If you have two or more dataframes with the same index or the same columns, you can glue them together into a single dataframe using pd.concat().

For the same columns, pass axis=0 to glue the index together; for the same index, pass axis=1 to glue the columns together. The concatenate function will typically be used on a list of dataframes.

If you want to track where the original data came from in the final dataframe, use the keys keyword.

Here’s an example using data on two different states’ populations that also makes uses of the keys option:

import pandas as pd

base_url = "http://www.stata-press.com/data/r14/"
state_codes = ["ca", "il"]
end_url = "pop.dta"

# This grabs the two dataframes, one for each state
list_of_state_dfs = [pd.read_stata(base_url + state + end_url) for state in state_codes]
# Show example of first entry in list of dataframes
print(list_of_state_dfs[0])

# Concatenate the list of dataframes
df = pd.concat(list_of_state_dfs, keys=state_codes, axis=0)
df
        county      pop
0  Los Angeles  9878554
1       Orange  2997033
2      Ventura   798364
county pop
ca 0 Los Angeles 9878554
1 Orange 2997033
2 Ventura 798364
il 0 Cook 5285107
1 DeKalb 103729
2 Will 673586

Note that the keys argument is optional, but is useful for keeping track of origin dataframes within the merged dataframe.

Exercise

Concatenate the follow two dataframes:

df1 = pd.DataFrame([['a', 1], ['b', 2]],
                   columns=['letter', 'number'])

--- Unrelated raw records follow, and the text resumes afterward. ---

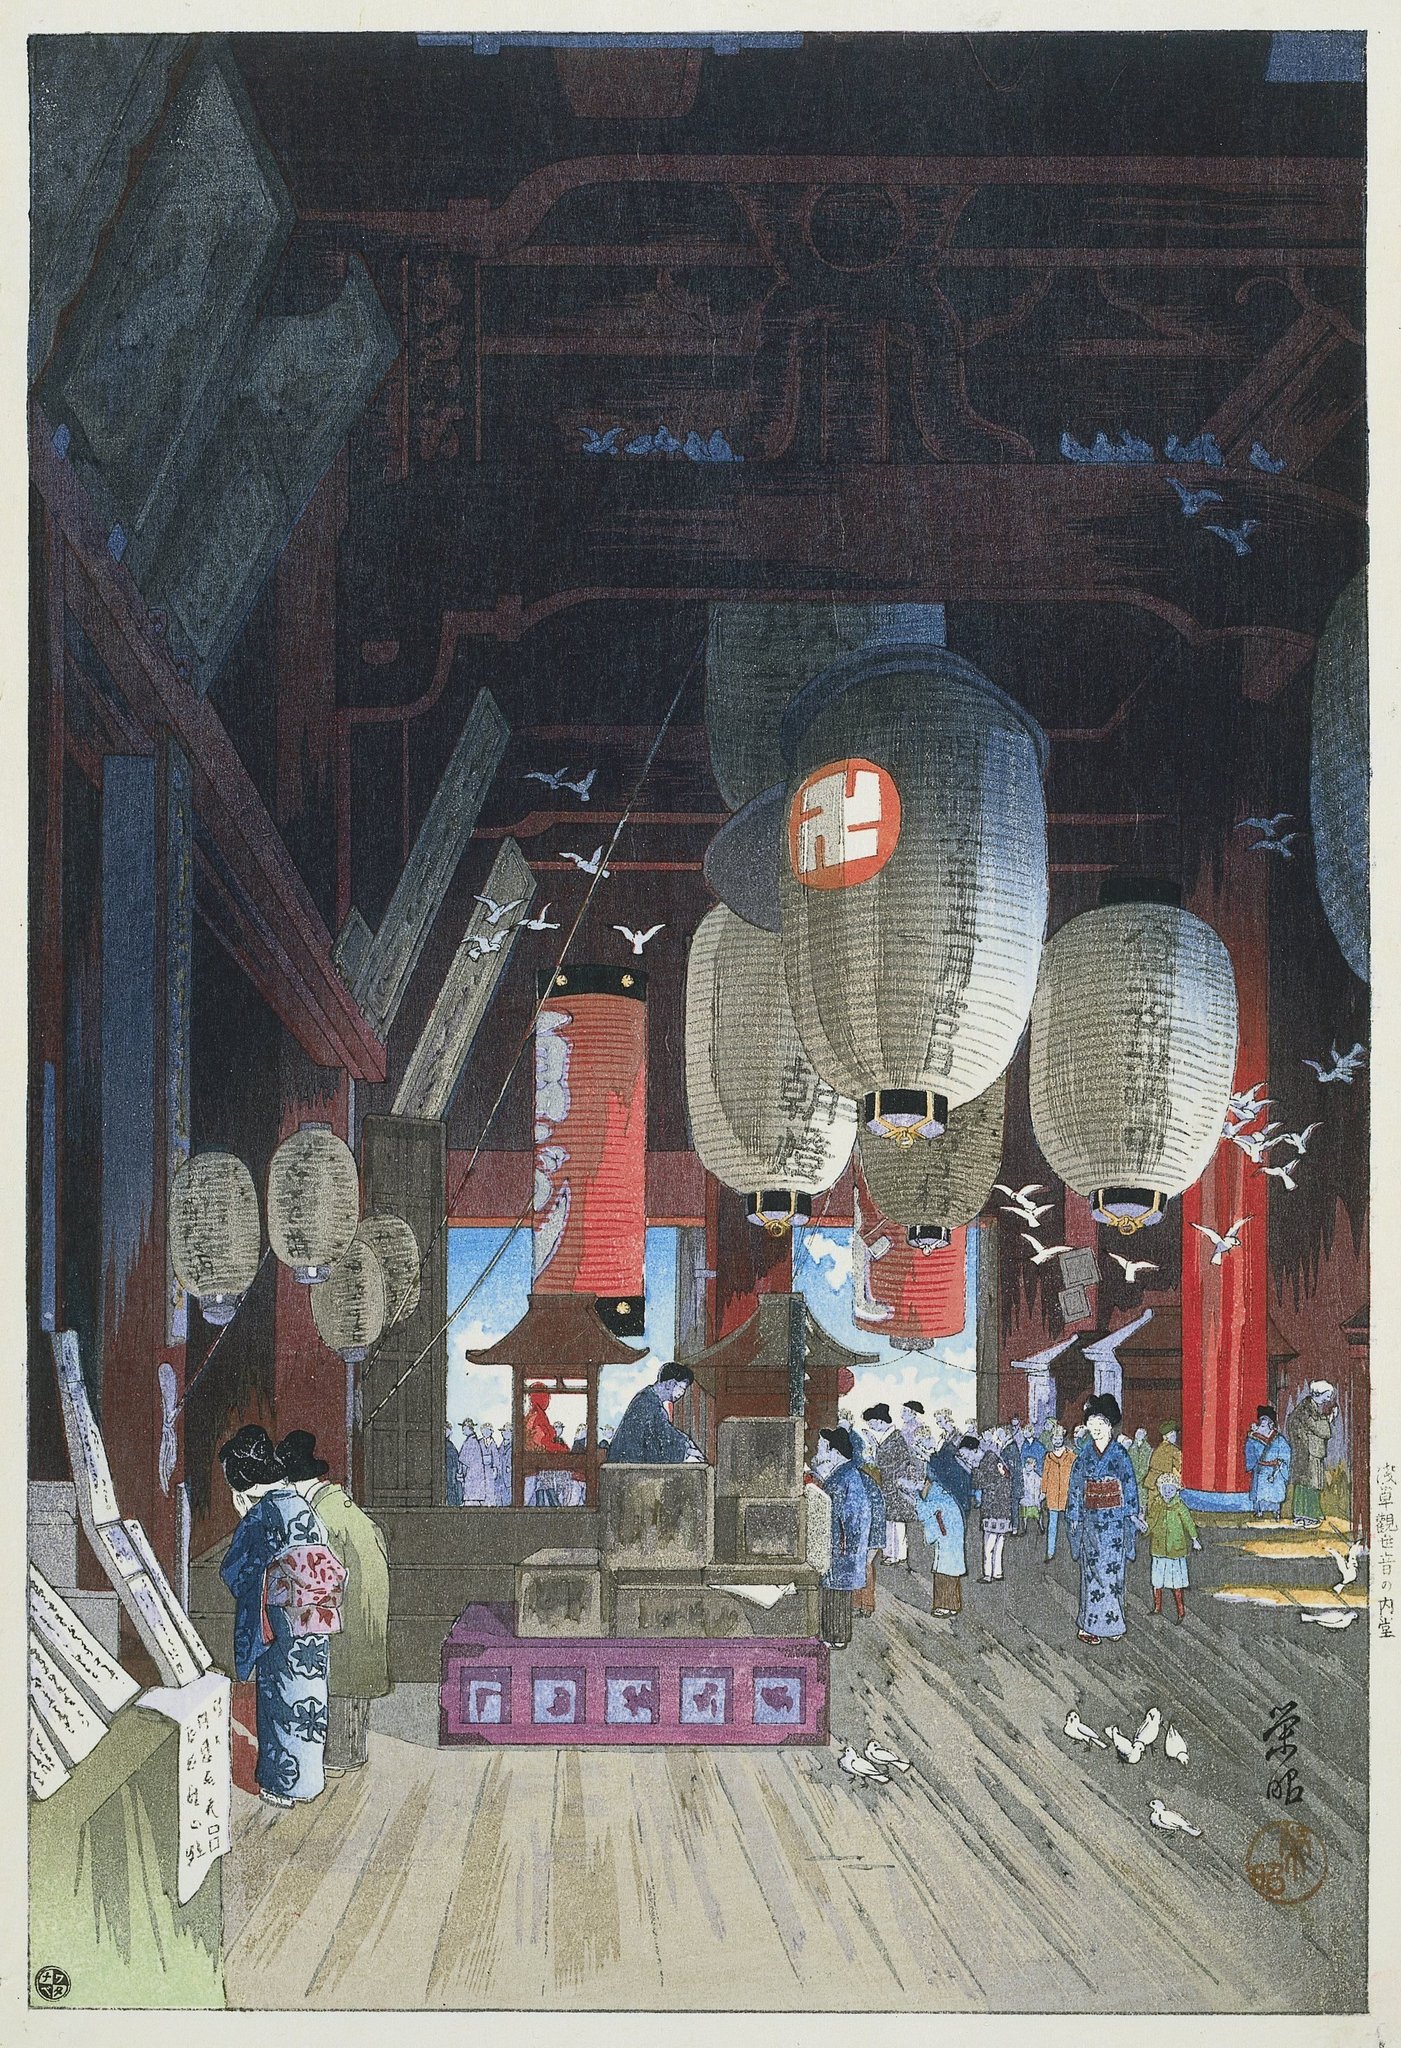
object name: print
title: In de Kannon tempel in Asakusa
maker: watanabe shōzaburō
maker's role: publisher
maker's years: 1885-1962
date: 1932
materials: paper
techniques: woodcut
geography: japan
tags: temple, shrine ~ non-christian religions
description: Interieur van de houten Kannon tempel in Asakusa met bezoekers, duiven en aan het plafond grote lampions.
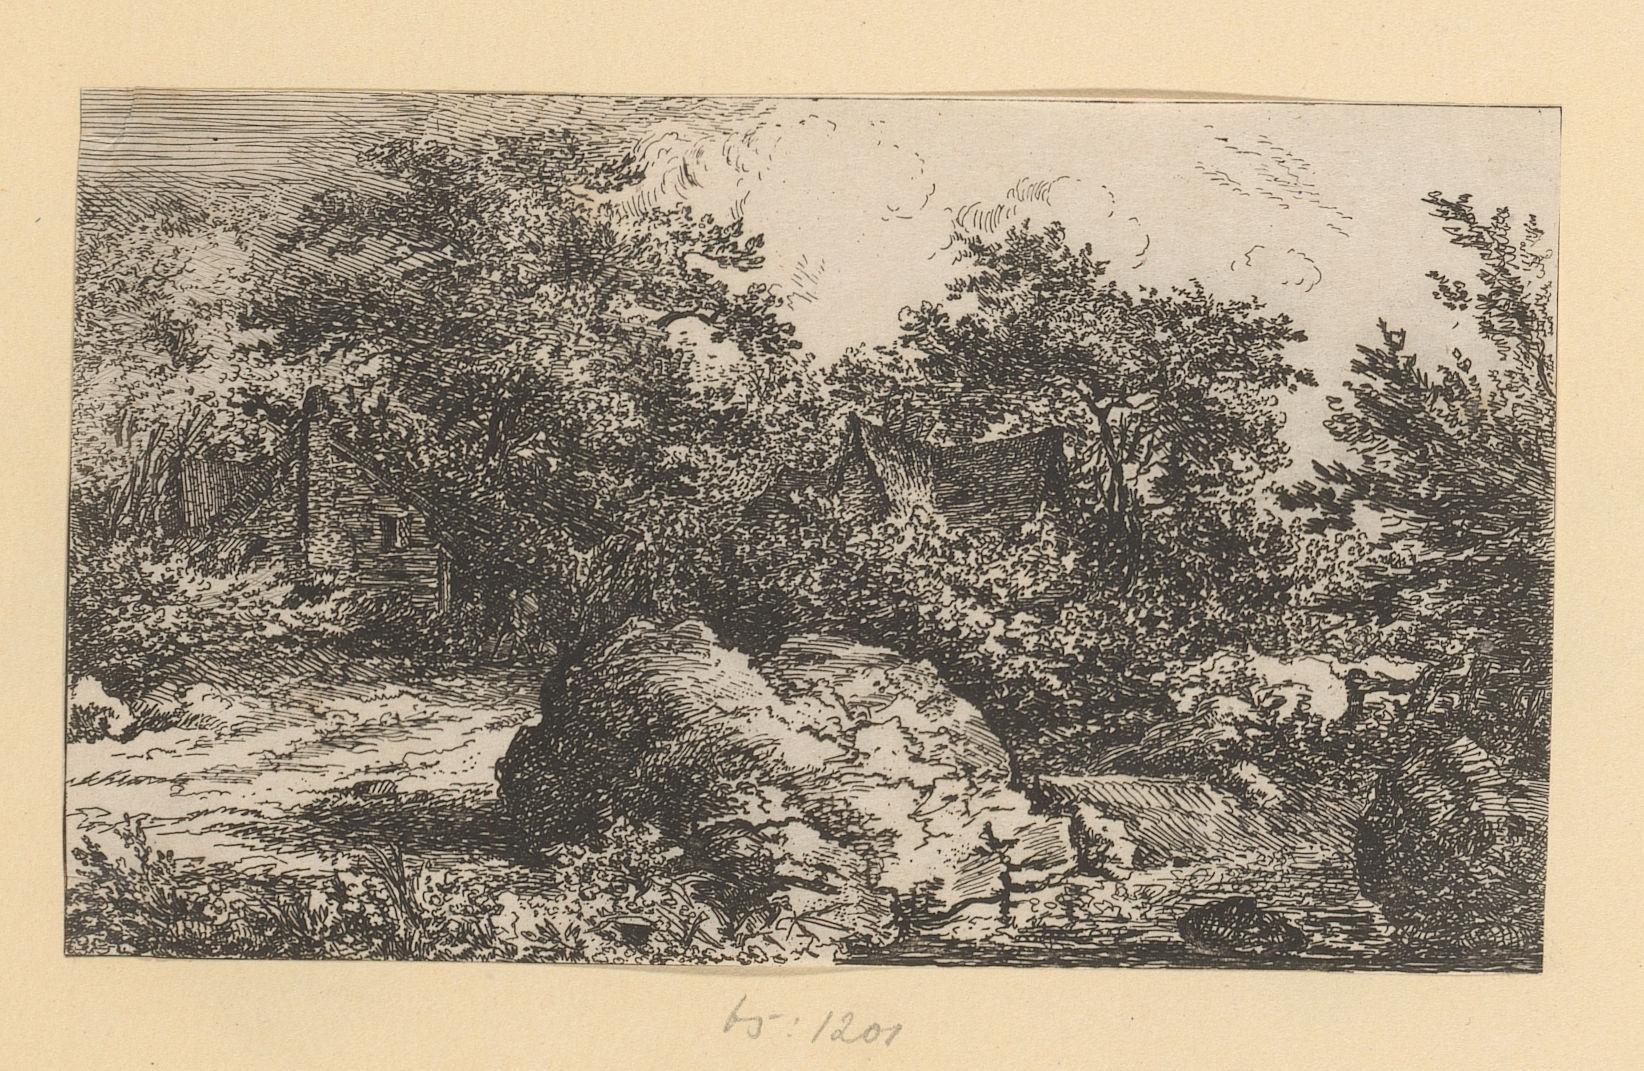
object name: album leaf
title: Reeks landschappen
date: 1793-1795
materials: paper
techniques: etching
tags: landscapes (+ landscape with figures, staffage), farm (building)
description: Deze prent hoort bij een serie van 20 prenten. Prent maakt mogelijk deel uit van een serie van 200 prenten. Deze serie is onder de titel 'A Collection of two hundred original etchings' voor het eerst uitgegeven door J.M. Greery in 1816.
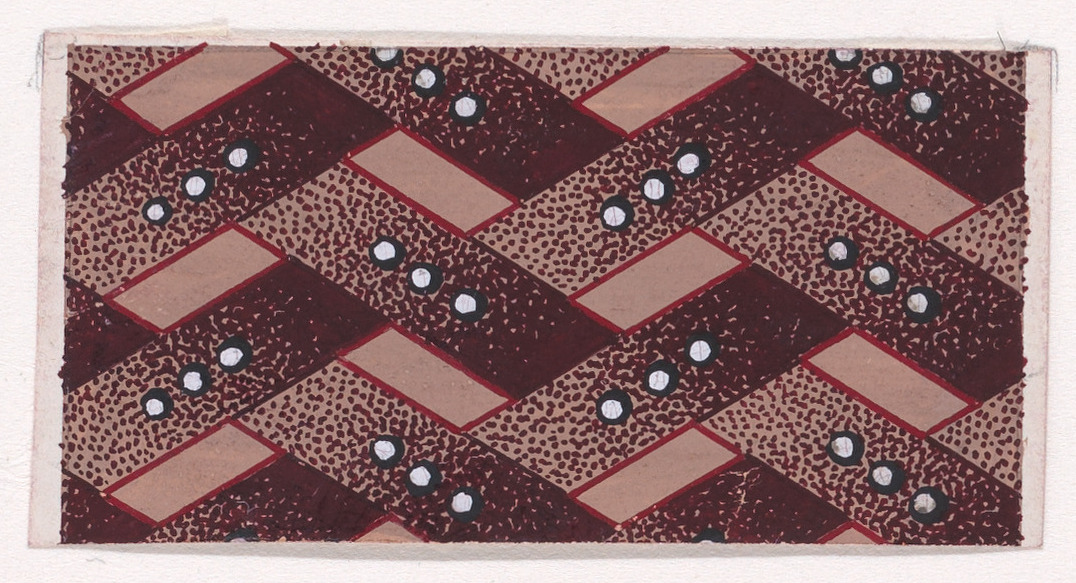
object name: drawing ornament architecture
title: Textile Design with a Basketweave Pattern and Pearls
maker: anonymous, alsatian, 19th century
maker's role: artist
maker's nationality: alsatian
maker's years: 1800-1900
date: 1840
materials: gouache
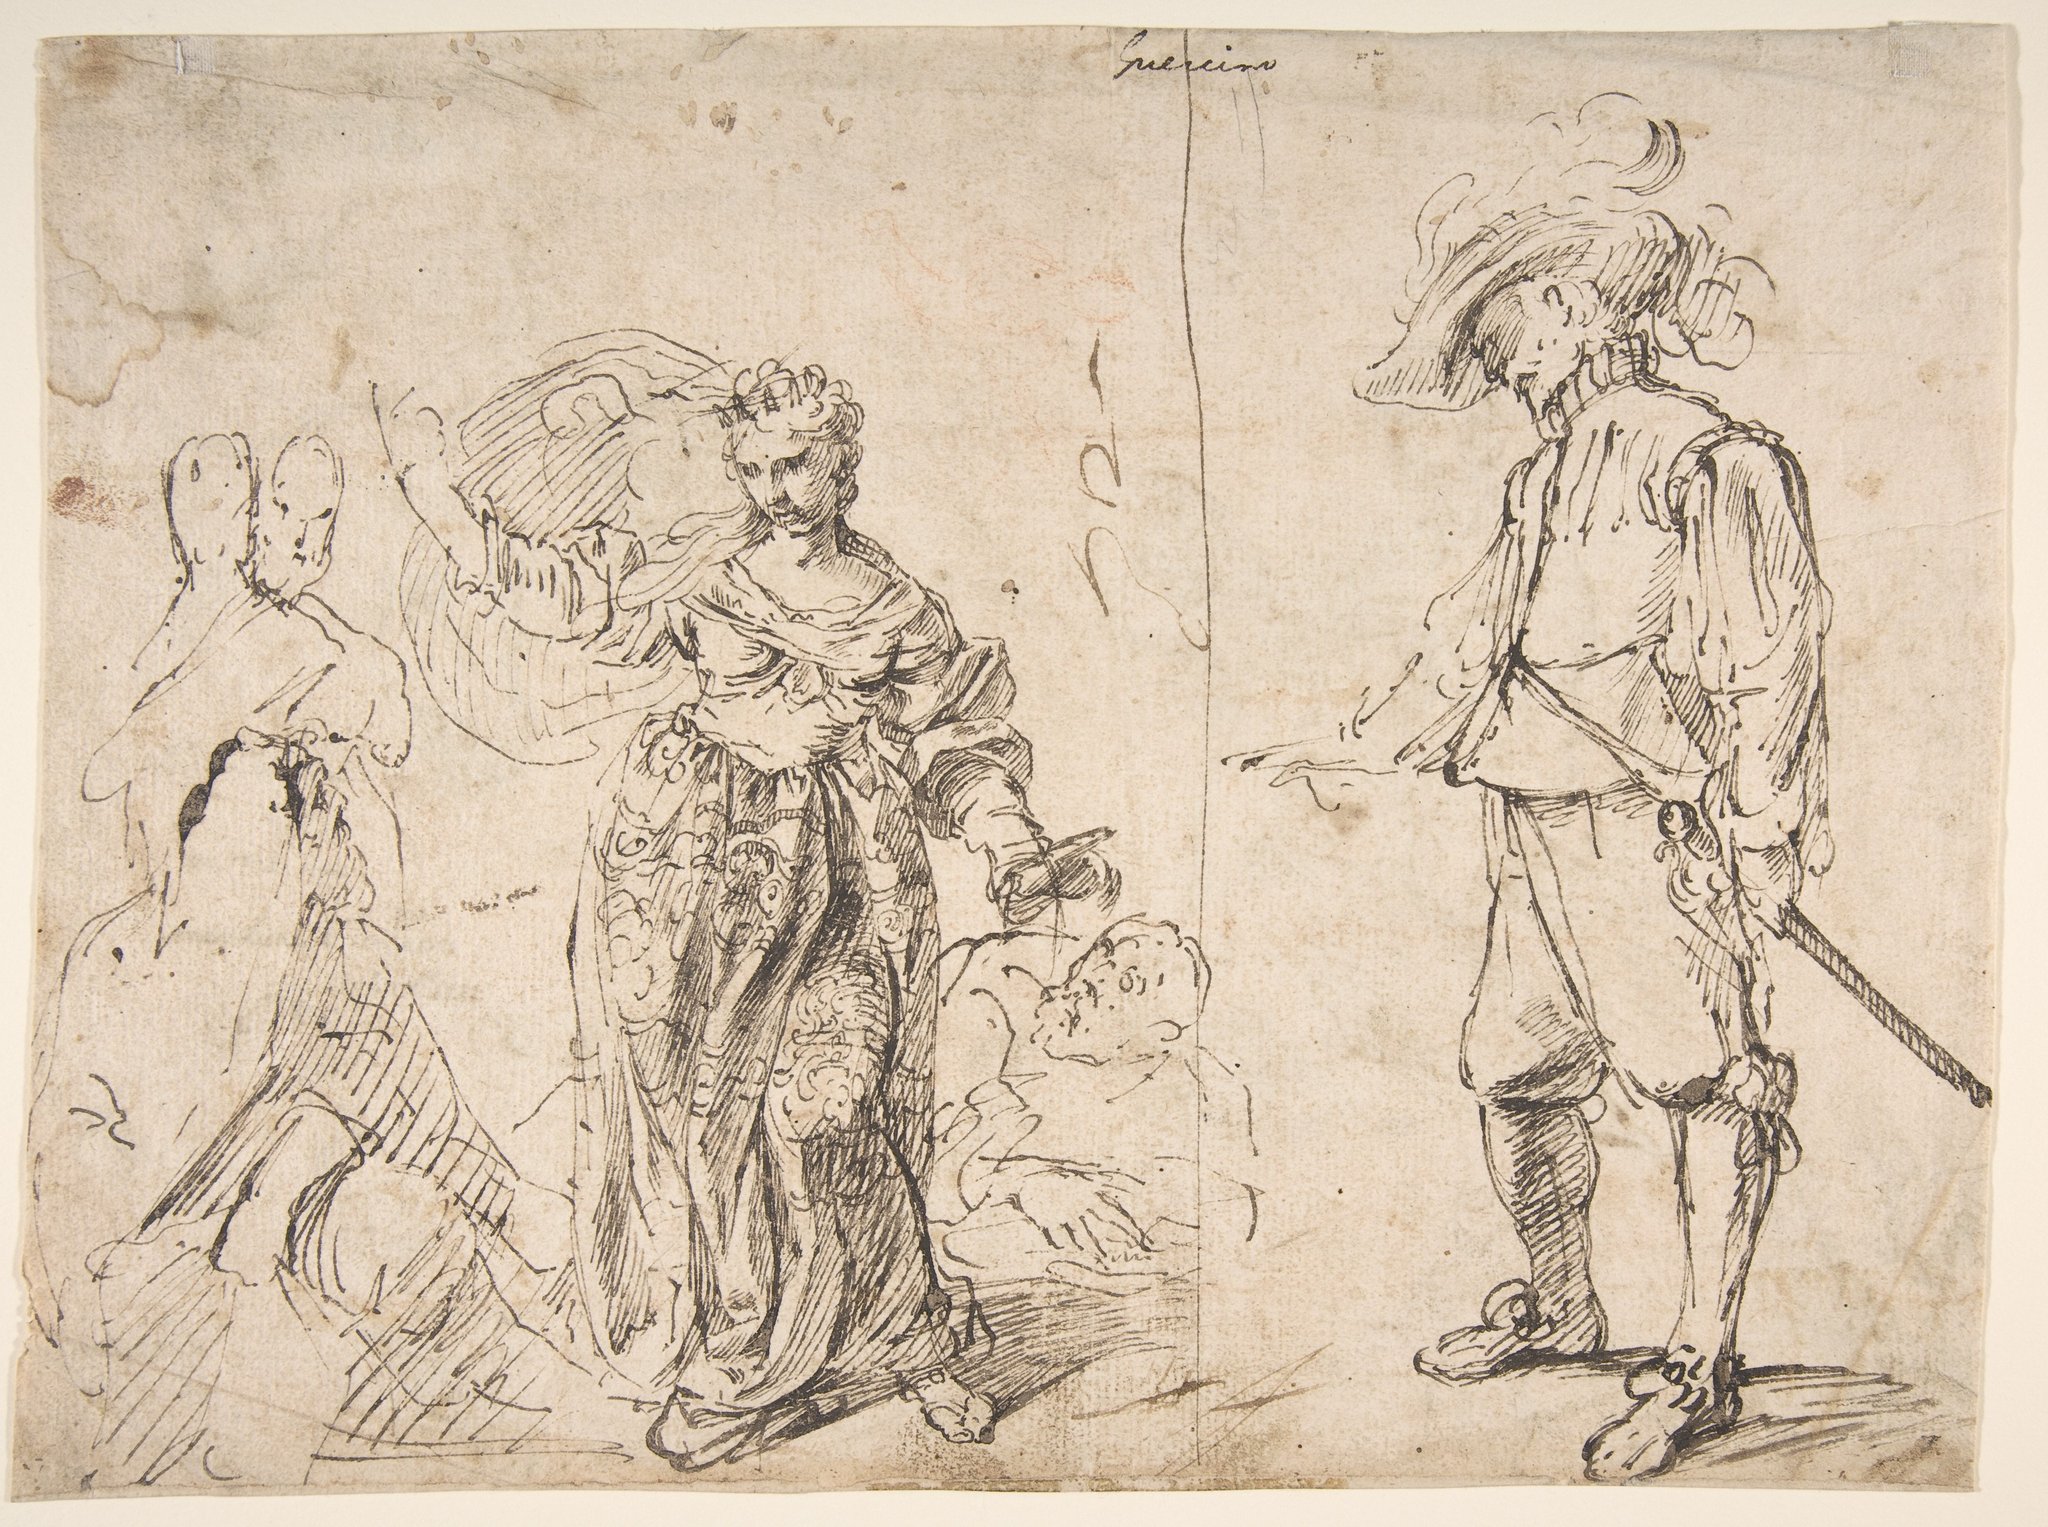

df2 = pd.DataFrame([['c', 3], ['d', 4]],
                   columns=['letter', 'number'])

Merge#

There are so many options for merging dataframes using pd.merge(left, right, on=..., how=... that we won’t be able to cover them all here. The most important features are: the two dataframes to be merged, what variables (aka keys) to merge on (and these can be indexes) via on=, and how to do the merge (eg left, right, outer, inner) via how=. This diagram shows an example of a merge using keys from the left-hand dataframe:

The how= keyword works in the following ways:

  • how='left' uses keys from the left dataframe only to merge.

  • how='right' uses keys from the right dataframe only to merge.

  • how='inner' uses keys that appear in both dataframes to merge.

  • how='outer' uses the cartesian product of keys in both dataframes to merge on.

Let’s see examples of some of these:

left = pd.DataFrame(
    {
        "key1": ["K0", "K0", "K1", "K2"],
        "key2": ["K0", "K1", "K0", "K1"],
        "A": ["A0", "A1", "A2", "A3"],
        "B": ["B0", "B1", "B2", "B3"],
    }
)
right = pd.DataFrame(
    {
        "key1": ["K0", "K1", "K1", "K2"],
        "key2": ["K0", "K0", "K0", "K0"],
        "C": ["C0", "C1", "C2", "C3"],
        "D": ["D0", "D1", "D2", "D3"],
    }
)
# Right merge
pd.merge(left, right, on=["key1", "key2"], how="right")
key1 key2 A B C D
0 K0 K0 A0 B0 C0 D0
1 K1 K0 A2 B2 C1 D1
2 K1 K0 A2 B2 C2 D2
3 K2 K0 NaN NaN C3 D3

Note that the key combination of K2 and K0 did not exist in the left-hand dataframe, and so its entries in the final dataframe are NaNs. But it does have entries because we chose the keys from the right-hand dataframe.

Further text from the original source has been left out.